As teachers and educators, it is our job to be tuned in to the goings on in our classrooms and hallways. Now more than ever before bullying, whether cyber or otherwise, can have tragic outcomes. It is no longer a case of “toughen up,” “shake it off,” or “pay no mind to what others have to say about you.” Hormones, emotions, and peer pressures have the potential to brew the perfect storm of misery for a bullied teen. With consequences as serious as depression, school violence, and suicide, we cannot simply chalk it up teenagers being teenagers. We cannot simply ask victims to “brush it off.”

Even more difficult sometimes is the fact that adolescents may not come right out and say that they are being bullied. In fact, teens tend to think that “tattling” on the bully will undoubtedly make things worse–which is often the case. A keen awareness can sometimes make all the difference for a teen that is struggling with being bullied. These are some common indicators that a student may be a victim of bullying:

  • Unexplainable injuries such as scratches, bruises, etc.
  • Frequent health complaints such as headaches or stomach aches
  • Sudden loss of friends or avoidance of social situations, refusal to work in groups
  • Suddenly feeling sick, faking illness, or asking to go to the nurse regularly
  • Changes in eating habits, such as suddenly skipping meals or constantly asking to complete classwork during lunch
  • Lethargy, low-energy, or falling asleep in class
  • Declining grades, loss of interest in schoolwork, or frequent absences
  • Depressed demeanor or frequent crying
  • Self-destructive behaviors or mentions of suicide

If you notice some of these signs in a student, make a point to discuss observations of the student with colleagues, guidance counsellors, and other adults. Bullying is often an embarrassing and sensitive point of contention for students–the last thing they may want to do is discuss their personal woes with a teacher. Gather as much information about the student’s behavior trends and peer groups first. Then approach the student or parent if necessary.

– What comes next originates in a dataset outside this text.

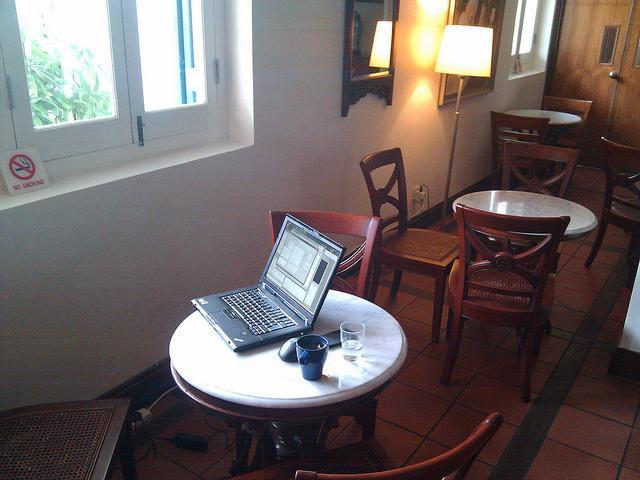How many dining tables are in the photo?
Give a very brief answer. 2. How many chairs are in the photo?
Give a very brief answer. 8. How many cars are on the right of the horses and riders?
Give a very brief answer. 0. 
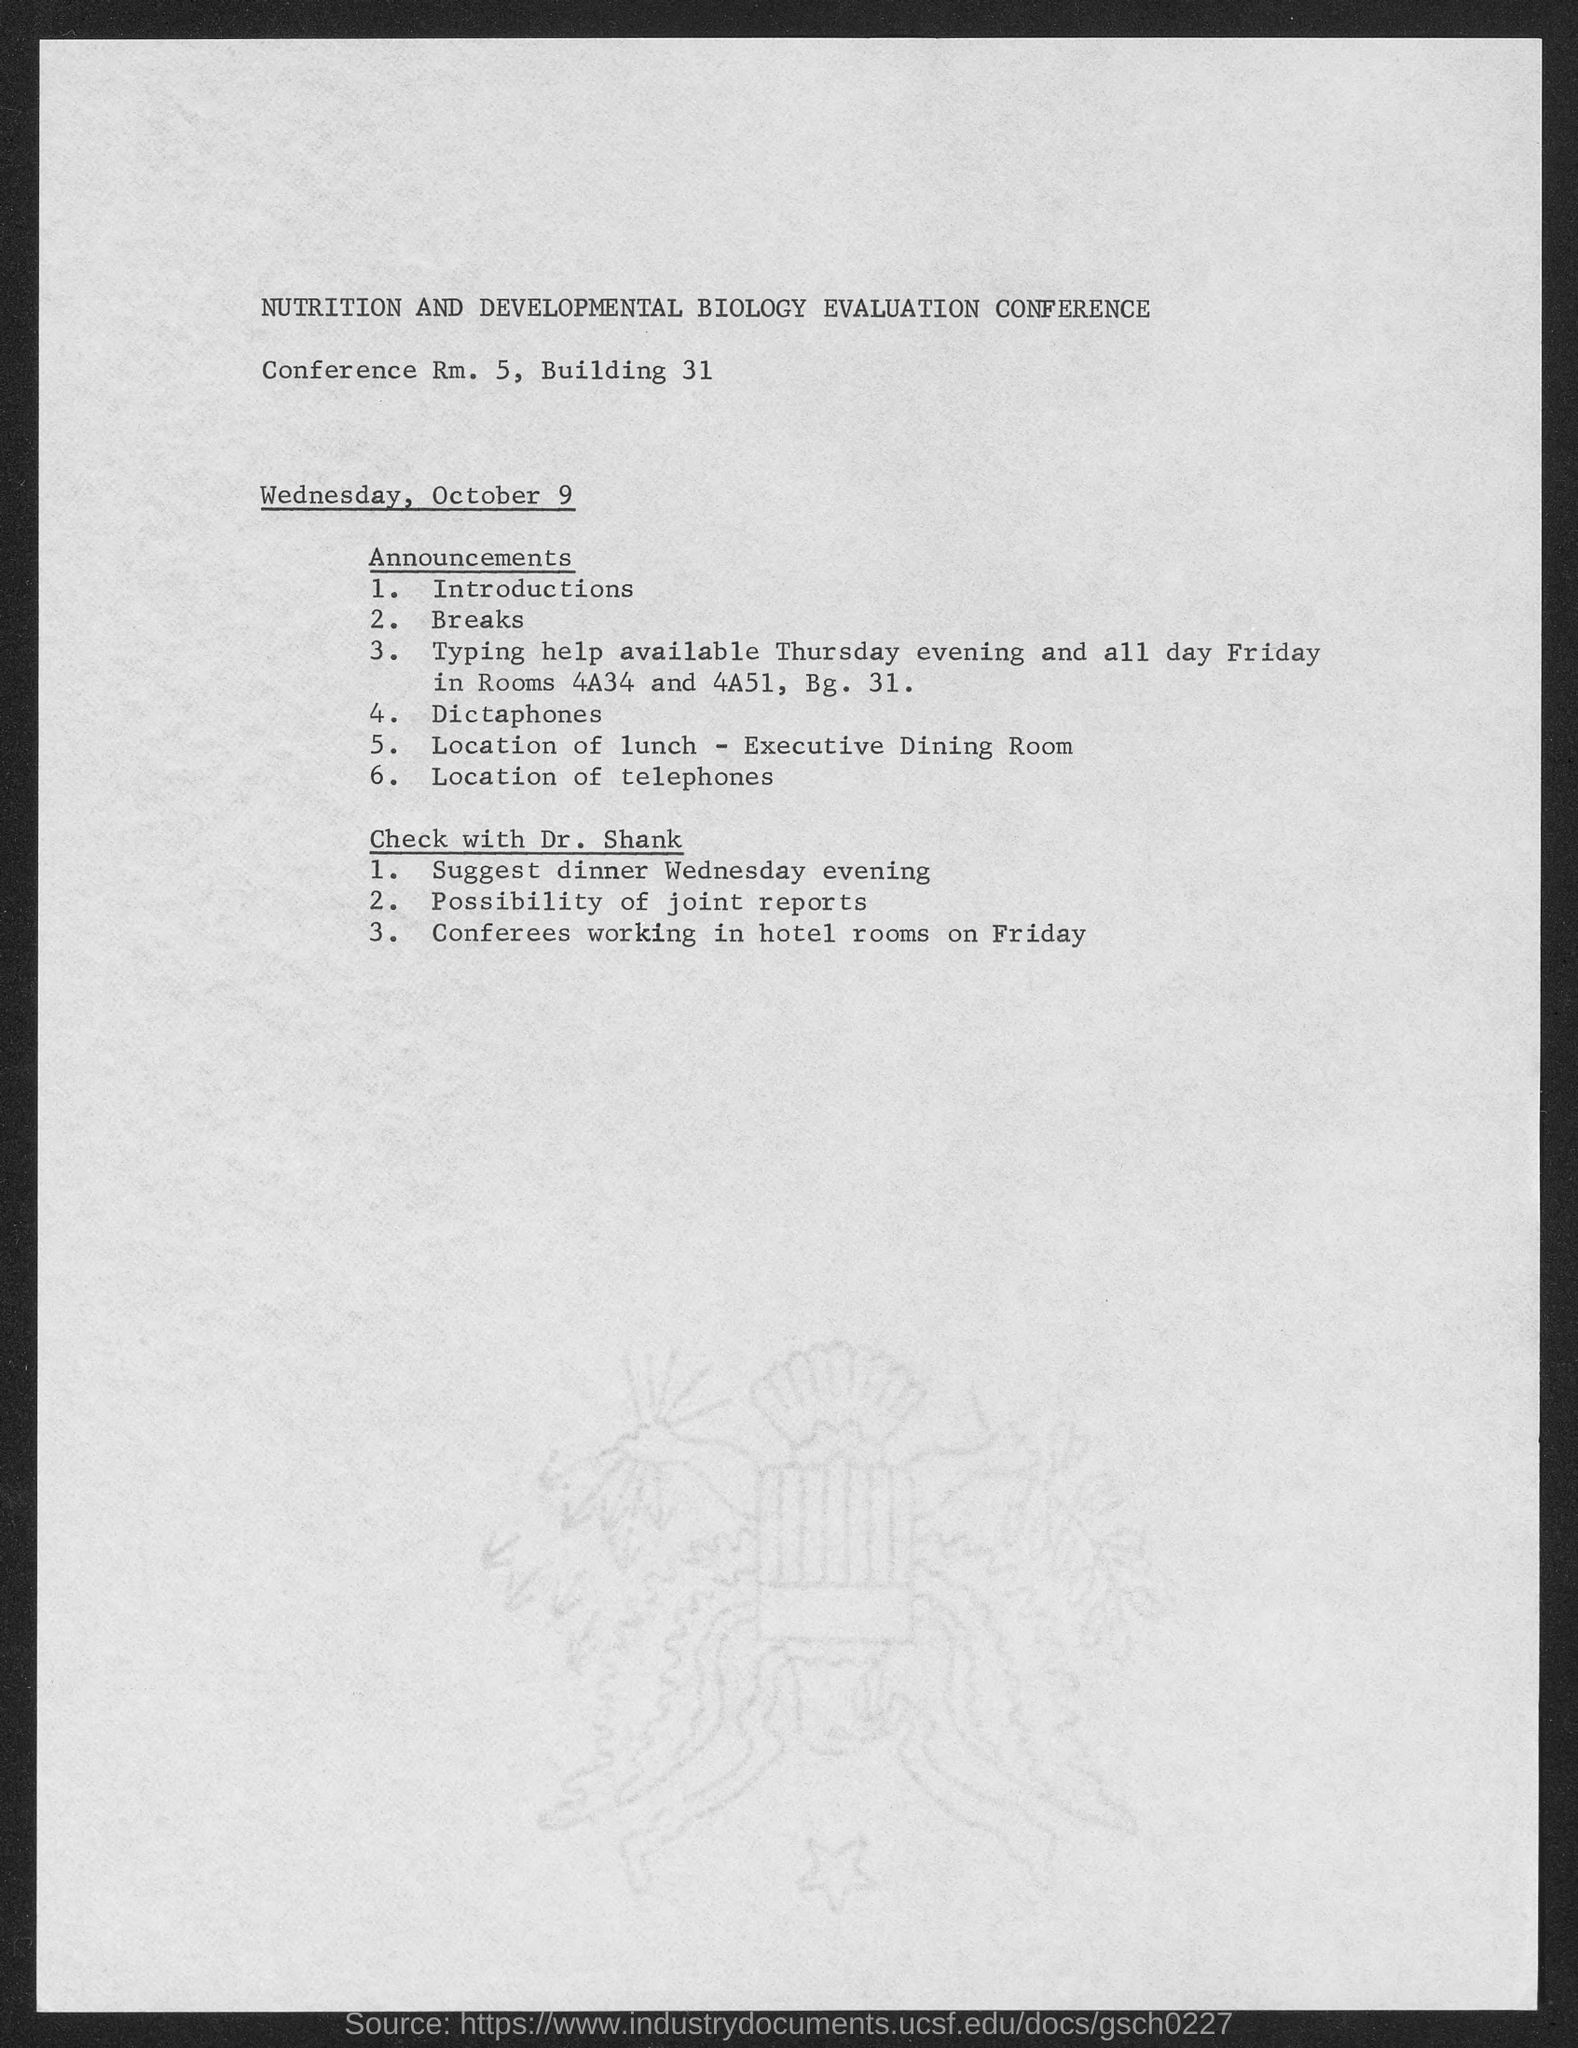Outline some significant characteristics in this image. The conference started on Wednesday, October 9th.

Too often, victims of bullying believe that no one notices or cares about their struggles. Teachers can shatter this notion by being a listener, advocate, or disciplinarian if need be in bullying situations.

Parents Play an Important Role in the Anti-Bullying Movement


No Name-Calling Week is a holiday that recognizes the importance of acceptance while taking anti-bullying measures in schools and having honest discussions about the severity of bullying.

As an educator, I am all too aware of the impact that name-calling and other bullying can have on an adolescent. However, as we all know, teens are not exactly forthcoming about their emotions. Parents especially may be left in the dark in terms of happenings at school and with peers. Moreover, the accessibility of technology and smartphones has made it even easier for adolescents to bully one another. Snapchat, instagram, vine, and other social media forums are often laden with unkind, sometimes downright harsh, remarks and comments.

Whether you personally experienced bullying as a teen or not, you likely know of someone who has been affected by bullying. It is important that parents understand just how serious this issue can be for a young person. Hormones, emotions, and peer pressures create a breeding ground for insecurity. Bullies often exploit these already-vulnerable teens, making life significantly harder in and out of school. While teens may be intent on guarding their private lives from their parents, it is vital that parents know the signs of a bully and a victim.

Signs that your teen may be a victim of bullying:

  • Unexplainable injuries, or an attempt to hide or make excuses for odd injuries
  • Lost or destroyed clothes, phones, tablets, jewelry, etc.
  • Complaining of frequent headaches or stomach aches; attempting to miss school suddenly
  • Changes in eating habits, like suddenly skipping meals or binge eating after school (often a sign that a child is avoiding lunch in the cafeteria)
  • Difficulty sleeping or frequent nightmares; oversleeping at any opportunity
  • Declining grades, loss of interest in schoolwork, sports, or other extracurriculars
  • Sudden loss of friends or avoidance of social situations; skipping plans or ignoring invitations from peers
  • Feelings of helplessness or decreased self esteem
  • Prolonged depressed mood or talks of suicide

Signs that your teen may be bullying others:

  • Frequently in trouble for fighting or verbally attacking others
  • Sudden change of peer group
  • Noticeable increase in aggressive behavior
  • Behavioral and/or academic trouble at school
  • Impulsive, irresponsible, or reckless behavior
  • Overly concerned with popularity and new peer groups

Of course, you know your child better than anyone–and you know their level of openness with you. It is okay to have open and honest conversations about school that focus on social topics, as opposed to simply asking only about academics. While autonomy is a major part of teen development, there are plenty of occasions when parents can and should get involved. Cases of bullying are certainly one of those instances.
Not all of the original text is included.